Sunday Reflection: “Everyone is looking for you.”

After a long night of healing, Jesus gets up before dawn and goes alone to pray in today’s Gospel at Mass. Eventually his disciples find him and tell him, “Everyone is for you.”

It’s not surprising that everyone was looking for Jesus, even early in His ministry. The rumors and the newness of what He was doing had to be thrilling.

The question is: why were these people looking for Him? Would they stick around when He proved to put spiritual healing, salvation, and the forgiveness of sins above temporal necessities and desires, such as physical healings and throwing off the oppression of the Romans?

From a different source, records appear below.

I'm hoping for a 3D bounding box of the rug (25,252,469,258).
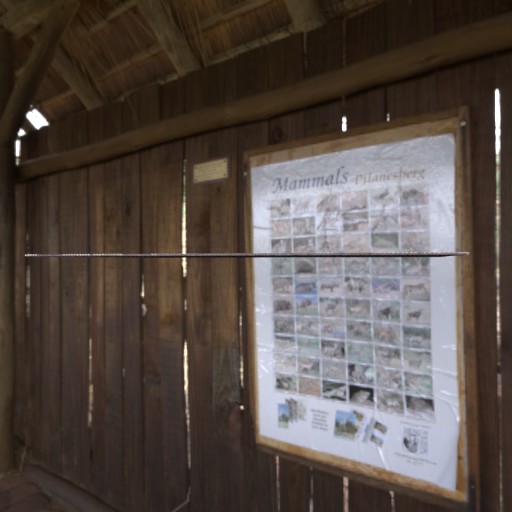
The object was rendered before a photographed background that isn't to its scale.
[{"bbox_3d":[0.000,0.000,3.007,2.435,0.011,1.517,0,-1,18],"label":"rug"}]
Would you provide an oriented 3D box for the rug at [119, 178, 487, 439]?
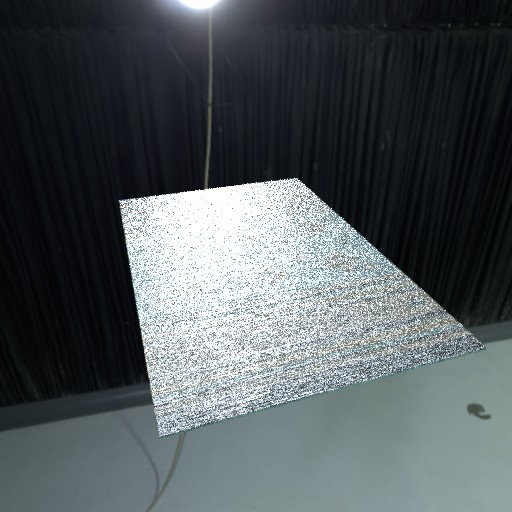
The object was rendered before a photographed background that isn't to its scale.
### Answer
[{"bbox_3d":[0.000,0.000,2.220,1.212,0.010,1.811,-10,33,-16],"label":"rug"}]

Today it is worth asking whether we follow Jesus’s example of private, deep, daily prayer. Whether we come to Him daily, and if so, why that is. Remember from not long ago, the first thing Jesus asks the disciples of John the Baptists in John’s Gospel, when they come to Him, is “What do you seek?”

Fr. Mike Schmitz has a wonderful presentation where talks about the four ‘T’s that God is not.

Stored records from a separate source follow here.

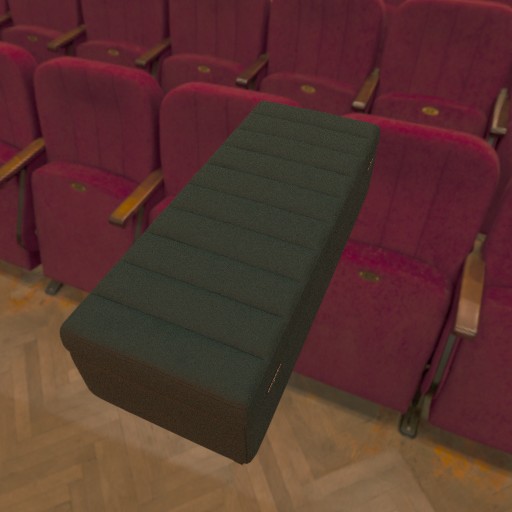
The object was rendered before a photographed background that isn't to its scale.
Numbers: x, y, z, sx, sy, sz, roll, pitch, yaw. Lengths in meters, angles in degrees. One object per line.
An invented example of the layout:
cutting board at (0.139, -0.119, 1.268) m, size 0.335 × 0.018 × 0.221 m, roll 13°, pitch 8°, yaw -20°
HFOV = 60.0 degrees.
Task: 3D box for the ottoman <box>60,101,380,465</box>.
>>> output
ottoman at (0.000, 0.000, 1.415) m, size 0.482 × 0.469 × 1.151 m, roll 18°, pitch 49°, yaw 16°

God is not our talisman, to magically work our will and give us good things we think we want or deserve.

God is not our toy, to be taken out and played with when we feel like it and ignored when we do not.

God is not our therapist. He is not there to make us “feel good” about ourselves, our lives, or the world. His concern is to make us his holy children, safe with Him for all eternity.

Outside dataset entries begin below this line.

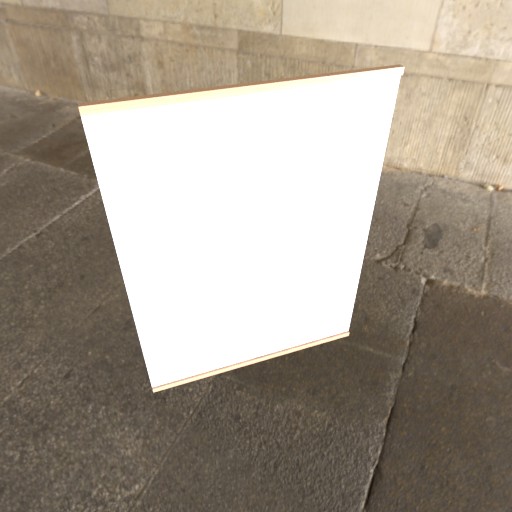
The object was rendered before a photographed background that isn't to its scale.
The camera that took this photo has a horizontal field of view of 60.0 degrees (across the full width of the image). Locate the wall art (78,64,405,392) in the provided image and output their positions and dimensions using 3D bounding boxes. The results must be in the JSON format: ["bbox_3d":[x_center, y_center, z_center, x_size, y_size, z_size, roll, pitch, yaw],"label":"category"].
[{"bbox_3d":[0.000,0.000,0.793,0.459,0.608,0.012,-13,42,-15],"label":"wall art"}]
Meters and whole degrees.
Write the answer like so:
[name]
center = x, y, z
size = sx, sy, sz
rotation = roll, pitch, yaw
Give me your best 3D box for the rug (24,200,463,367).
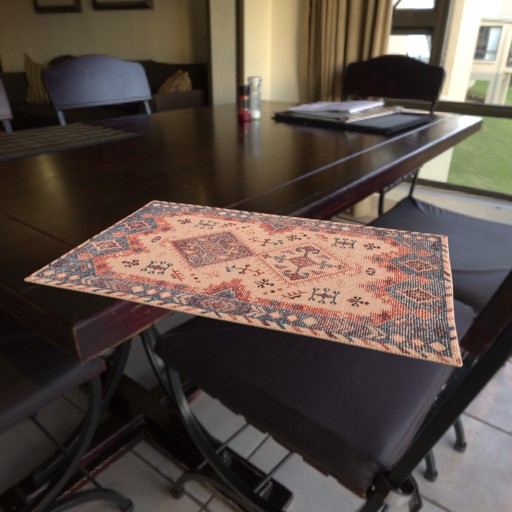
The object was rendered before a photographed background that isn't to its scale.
[rug]
center = 0.000, 0.000, 2.975
size = 2.464, 0.023, 1.521
rotation = 9, 28, 17

God is not our twin. His ways and thoughts are not ours. His priorities and desires are not ours.

It is easy to fall into the trap of creating a false god who functions as our talisman, toy, therapist, or twin. It is a deep and natural temptation, and it is worth honestly asking ourselves which of these we are most prone to wish God were, and to check ourselves.

Jesus reveals that God is our loving Father, after all. A father gives His children what they NEED. He cares about their (spiritual, in this case) safety rather than their frivolous wants and sometimes will even allow them to suffer pain when it is for their good, such as a necessary, life-saving surgery. He is wiser than they, acting in ways the child does not understand, and He is always the one in control and the one with authority.

If our image of God does not align with these realities of God’s identity as Father, then something is off.